Opinion: What’s not at stake in Israel’s election – democracy

Israeli Democracy is not endangered by another Netanyahu win, columnist Jonathan Tobin says. 

By Jonathan Tobin, JNS

When Israelis vote on April 9, a lot will be riding on the outcome. But there is one thing that will not be decided in this election: whether or not Israel will remain a democratic state.

Whether or not the incumbent Prime Minister Benjamin Netanyahu and the Likud Party are able to form the next government—or, if instead, it’s Benny Gantz and his Blue and White Party that will lead the country—the Jewish state is not about to begin a slide into authoritarianism in which the rule of law, the free press and an independent judiciary might be lost.

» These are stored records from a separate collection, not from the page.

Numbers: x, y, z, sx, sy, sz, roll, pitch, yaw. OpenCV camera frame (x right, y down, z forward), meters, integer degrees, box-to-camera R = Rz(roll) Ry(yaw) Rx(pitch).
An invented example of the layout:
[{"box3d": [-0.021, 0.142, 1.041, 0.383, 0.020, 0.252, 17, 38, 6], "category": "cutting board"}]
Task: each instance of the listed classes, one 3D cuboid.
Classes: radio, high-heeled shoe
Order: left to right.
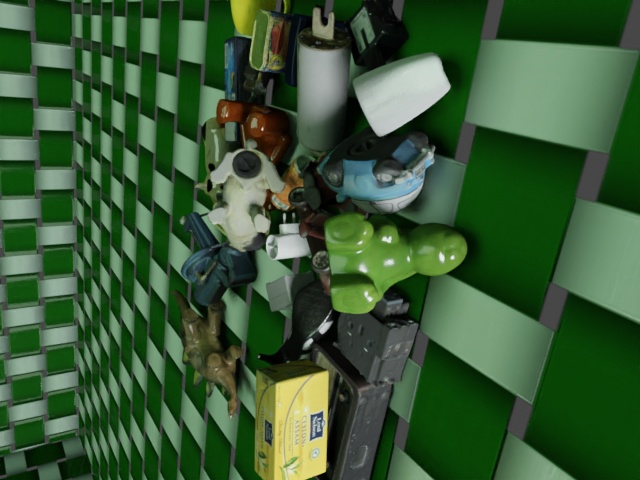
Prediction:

That’s not what a lot of commentators in both the United States and Israel are saying. To the contrary, much of the discussion about the contest in which Netanyahu is seeking his fourth consecutive (and fifth overall) term in office has centered on the notion that another win for him will mark the end of the country’s democratic system.

With the Israeli left and its platform advocating land-for-peace schemes aimed at resolving the conflict with the Palestinians once and for all largely discredited in the eyes of a majority of Israelis, it’s perhaps understandable that many people are now thinking about more than war and peace.

Or at least that’s the way Netanyahu’s critics are framing the election in large measure because they know if the outcome were based solely on his performance in, there would be little doubt that he’d win.

So instead, they’re trying to turn the vote for the Knesset into a referendum on Netanyahu’s character.

While Netanyahu is used to being demonized by the left, this time around he’s also being skewered by some of the more respected voices in Jewish life, like author and journalist Yossi Klein Halevi, historian Gil Troy and New York Times columnist Bret Stephens.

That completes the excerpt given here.